Data underpins UK retailer Marks and Spencer’s ongoing digital transformation. Two years ago, amid a highly competitive market for data skills, the company took matters into its own hands, launching an internal data academy. Now it is taking the academy to the next level, introducing an industry-first course for data scientists. Tech Monitor spoke to Suzanne Howse, head of enterprise data, to learn how and why M&S set up its own training scheme for data, and how it is creating value for the business.
Marks and Spencer’s digital transformation
In 2018, M&S launched a £25m initiative to become a ‘digital first’ retailer. This strategy, which involved an overhaul of its IT operations and the appointment of the company’s first chief digital data officer, comprises various pillars, including ecommerce, the company’s Sparks loyalty card and, crucially, data.
We’re solving business-facing problems, using data science, to deliver millions of pounds of value.
Transforming the way M&S uses data has three components, explains Howse. The first is establishing a new cloud-based data platform, for which the company has partnered with Microsoft. The second is developing the company’s data science capabilities: in 2018, M&S set up a 25-strong data science team, led by its first head of data science. “We’re using that capability to drive value for our customers through our website and through Sparks, and more recently for our colleagues as well,” explains Howse. “[We’re] solving business-facing problems, using data science, to deliver millions of pounds of value.”
The third component is data skills. “We build all of these interesting data science models, but we need to make sure that our colleagues are confident in using them,” says Howse. “Whether I’m a customer assistant or I’m the director of supply chain, I need to have the capability to interact with the tools that we’re building.”
M&S takes a ‘buy and build’ approach to developing data skills, Howse explains. “We like to have a balance of external and internal talent,” she says. “Bringing people in that have lived and breathed in different retailers, or different industries, is fantastic and we like to continually challenge ourselves. But we’ve also always been a company that prides itself on developing our colleagues as well.”
Training up internal staff also means that knowledge of the business is embedded in M&S’s data capability, Howse adds. “If you understand the business and its objectives… it’s a huge win when you’re trying to solve problems using data.”
Furthermore, Howse says, “we have some pretty phenomenal people across the business and we want to keep them. This is another way of showing them that we’re invested in their development and in their talent.”
Data skills training at M&S
Two years ago, therefore, M&S established the BEAM Academy, an internal training programme based on the UK government’s Apprenticeship Levy scheme, which provides funding for on-the-job training, and in partnership with data science and AI education provider Cambridge Spark.

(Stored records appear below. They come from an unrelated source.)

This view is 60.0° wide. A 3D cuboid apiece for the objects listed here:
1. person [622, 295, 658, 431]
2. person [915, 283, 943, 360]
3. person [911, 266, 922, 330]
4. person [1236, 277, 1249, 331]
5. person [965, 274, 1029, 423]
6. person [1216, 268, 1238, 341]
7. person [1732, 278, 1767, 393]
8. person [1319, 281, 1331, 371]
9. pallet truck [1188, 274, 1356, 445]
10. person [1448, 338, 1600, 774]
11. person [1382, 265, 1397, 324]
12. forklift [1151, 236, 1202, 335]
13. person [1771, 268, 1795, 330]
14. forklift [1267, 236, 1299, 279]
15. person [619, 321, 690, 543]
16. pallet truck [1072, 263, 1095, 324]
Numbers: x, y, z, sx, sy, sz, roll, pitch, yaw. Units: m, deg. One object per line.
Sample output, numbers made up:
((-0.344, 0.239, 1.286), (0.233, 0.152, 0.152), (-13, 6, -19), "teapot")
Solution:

The academy initially offered two courses, at Levels 3 and 4 in the UK government’s grading of apprenticeships. The Level 3 course offers basic skills to any employee who wants to make better use of data in their current roles. Although some participants progress into data specialist jobs, “for the large majority, it’s about being a customer assistant, a buyer or a merchandiser and wanting to be able to use data to help them make decisions.”
The Level 4 course is more technical, and introduces more sophisticated techniques such as data modelling. It is designed for employees with analytical roles, such as finance, Howse explains, although many graduates move into auxiliary data-related roles such as data product manager or data strategist.

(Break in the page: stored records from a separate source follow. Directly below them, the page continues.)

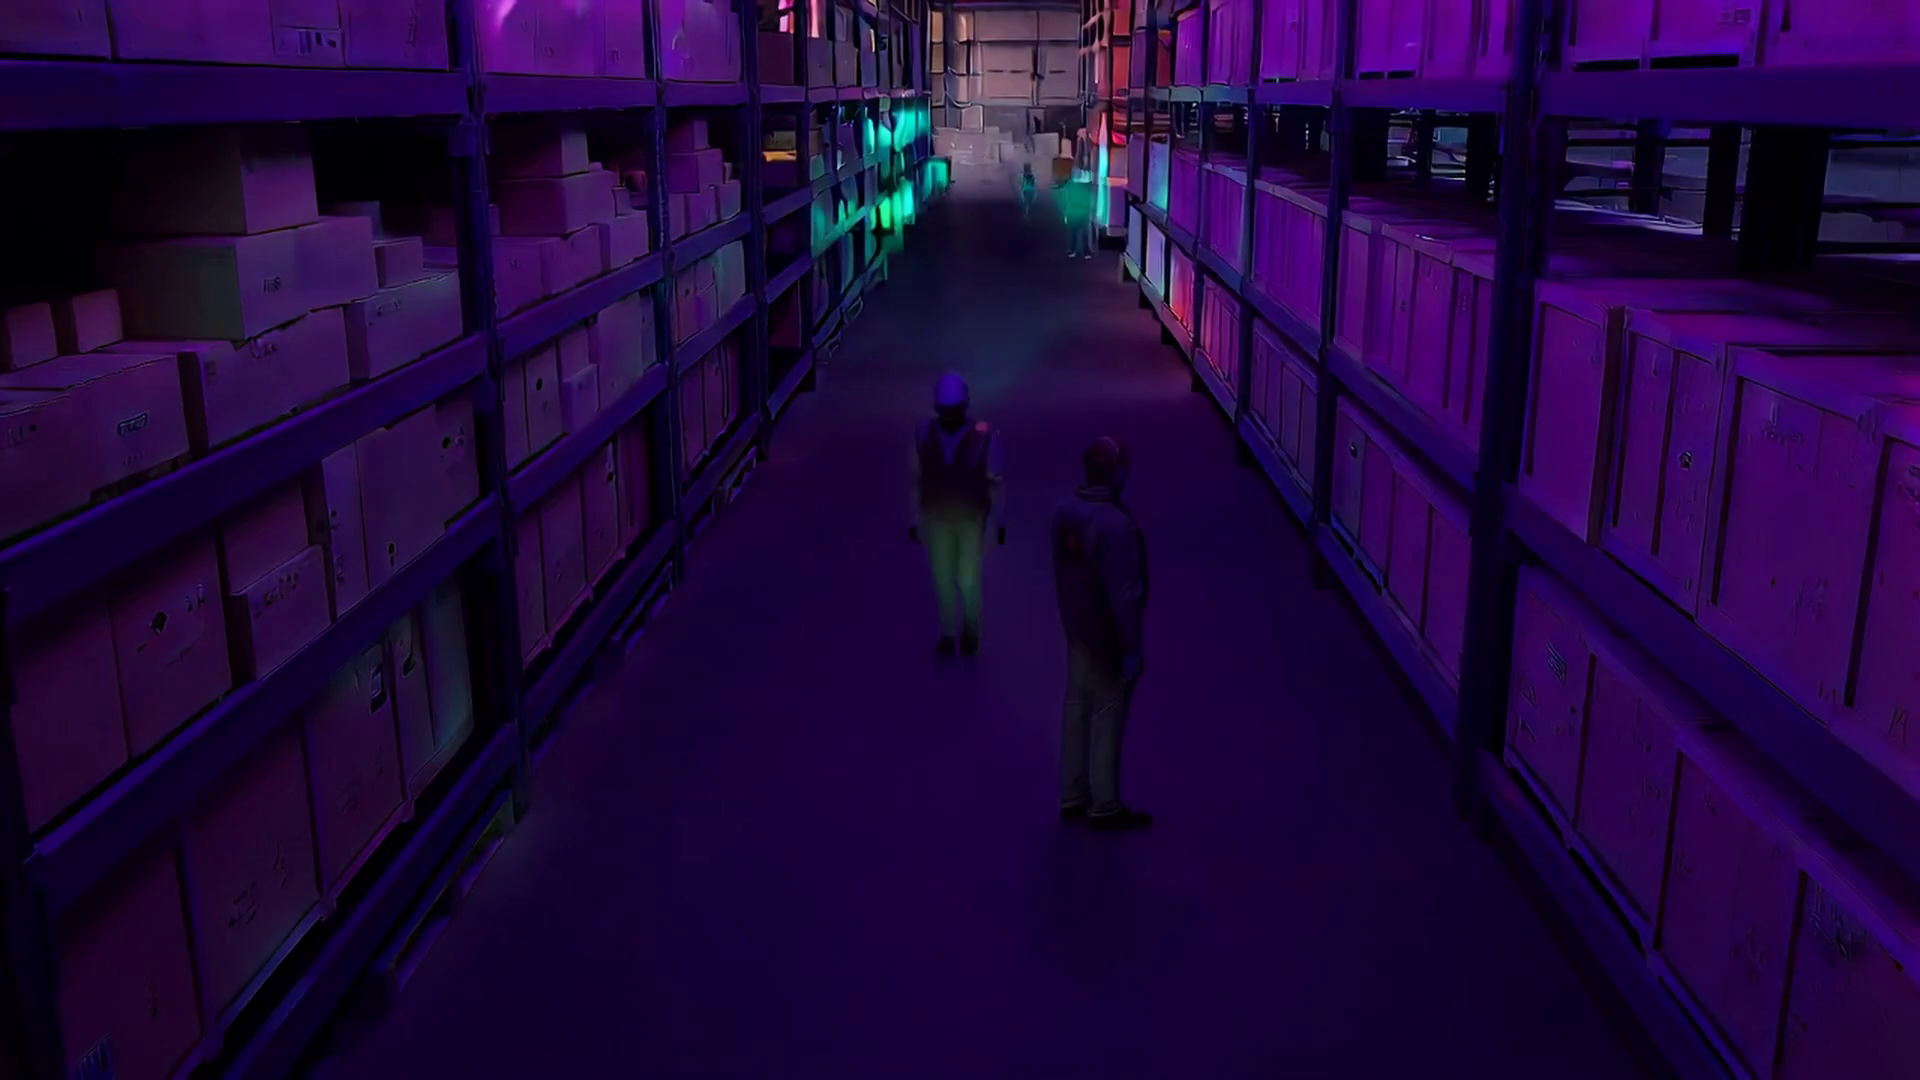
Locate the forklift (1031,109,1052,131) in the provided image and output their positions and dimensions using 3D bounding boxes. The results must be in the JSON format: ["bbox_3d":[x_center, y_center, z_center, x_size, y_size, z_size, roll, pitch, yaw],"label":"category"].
[{"bbox_3d":[3.425,-16.734,70.052,1.129,2.768,1.873,0,15,2],"label":"forklift"}]

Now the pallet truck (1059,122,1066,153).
[{"bbox_3d":[5.788,-21.111,88.014,1.885,1.965,0.823,5,16,18],"label":"pallet truck"}]

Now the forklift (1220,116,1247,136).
[{"bbox_3d":[7.857,-10.677,47.518,1.129,2.768,1.873,0,15,2],"label":"forklift"}]

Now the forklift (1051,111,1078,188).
[{"bbox_3d":[4.389,-14.524,61.831,1.873,2.768,1.129,3,15,10],"label":"forklift"}]

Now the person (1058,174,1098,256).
[{"bbox_3d":[2.615,-7.115,36.336,0.976,1.803,0.627,7,16,23],"label":"person"}]

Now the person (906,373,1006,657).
[{"bbox_3d":[-0.035,-0.143,10.339,0.627,1.814,0.432,4,16,16],"label":"person"}]

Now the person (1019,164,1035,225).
[{"bbox_3d":[1.834,-9.337,44.943,0.591,1.616,0.332,-14,21,-42],"label":"person"}]

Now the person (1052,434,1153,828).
[{"bbox_3d":[0.704,0.437,8.002,0.409,1.910,0.651,-7,17,-25],"label":"person"}]

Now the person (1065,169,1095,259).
[{"bbox_3d":[2.549,-6.954,35.547,0.636,1.900,0.397,6,16,20],"label":"person"}]

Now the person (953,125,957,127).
[{"bbox_3d":[-0.335,-19.695,82.879,0.502,1.925,0.644,1,15,5],"label":"person"}]

Last week, M&S kicked off a new Level 7 course, focused on data science and AI – “a world first in the retail industry,” the company says. The course offers a route for analysts and data specialists to progress to becoming data scientists, Howse explains. It covers the theoretical foundations of data science – how to choose the right algorithm for a given problem, for example – as well as practical experience with tools and how to use them. Ten participants have signed up for the 15-month course, most of whom graduated from the Level 4 course, and will be spending 20% of their time on learning.

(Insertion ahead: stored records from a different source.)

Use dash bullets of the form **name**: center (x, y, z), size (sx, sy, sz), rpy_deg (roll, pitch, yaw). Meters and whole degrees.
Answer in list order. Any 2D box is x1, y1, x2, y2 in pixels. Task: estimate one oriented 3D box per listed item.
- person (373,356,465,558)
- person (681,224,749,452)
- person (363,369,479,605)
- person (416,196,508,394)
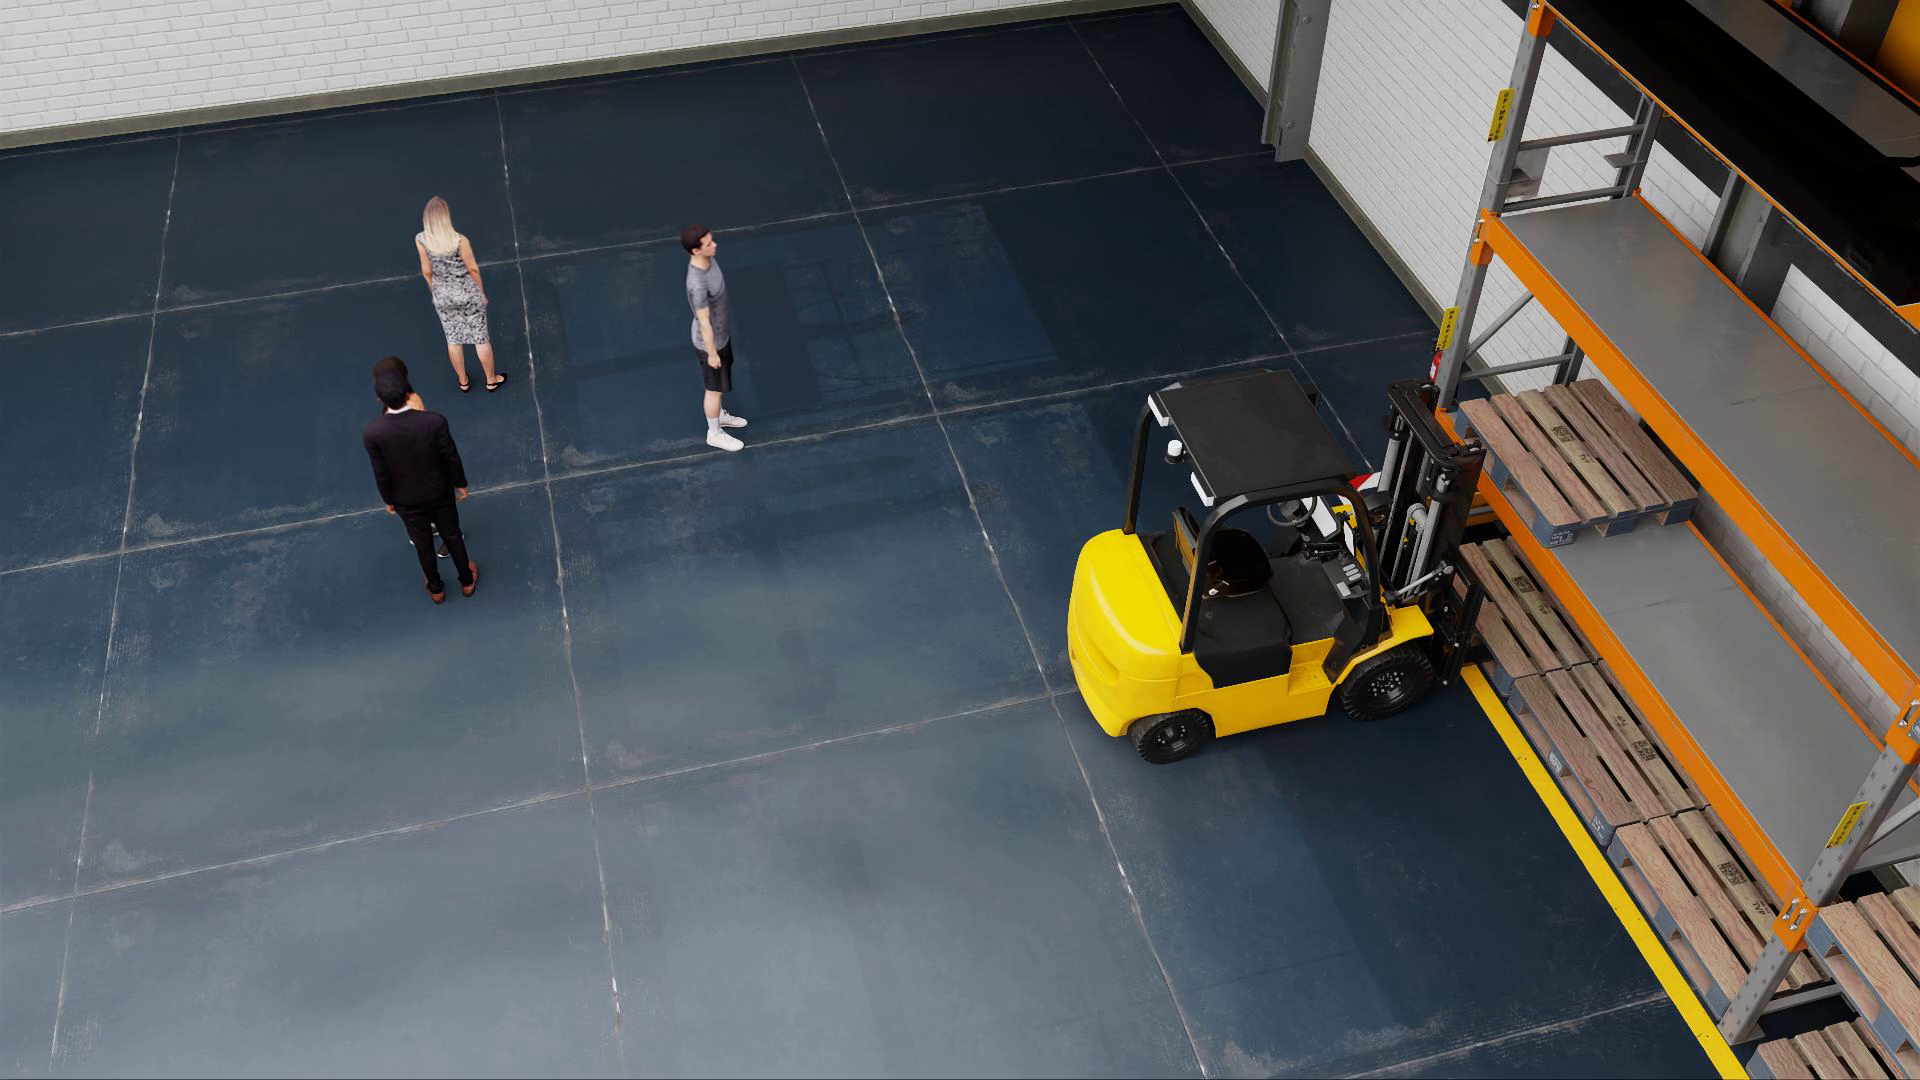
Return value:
- **person**: center (-3.709, -0.590, 11.369), size (0.625, 1.643, 0.691), rpy_deg (23, 48, 23)
- **person**: center (-1.827, -1.505, 12.164), size (0.773, 1.871, 0.584), rpy_deg (1, 44, 1)
- **person**: center (-3.541, -0.337, 10.930), size (0.721, 1.883, 0.574), rpy_deg (-15, 46, -15)
- **person**: center (-3.822, -1.841, 12.638), size (0.625, 1.705, 0.588), rpy_deg (2, 44, 2)

M&S worked with Cambridge Spark to design a curriculum tailored to its needs. The courses focus on the tools it uses – PowerBI for data visualisation, Databricks and ML Azure for data science – and trainees work on real business problems. This means they are delivering value throughout their training: some ‘coursework’ projects have delivered six-figures in added value, Howse says.
No isolated data scientist can build anything valuable on their own.
Howse expects many of the Level 7 cohort to join the data science team, while others will continue to work in the business. This will allow them not only to apply data science techniques to their business problems, but also act as a liaison to the central data science team, Howse explains. “No isolated data scientist can build anything valuable on their own,” she says.
The M&S data function has ambitious targets, Howse says, with an expectation to deliver millions of pounds in value to the business. Providing in-house training, she says, will support this ambition in three ways. “We need it to deliver our transformation. We need it to retain our colleagues, and we definitely need it to attract talent.”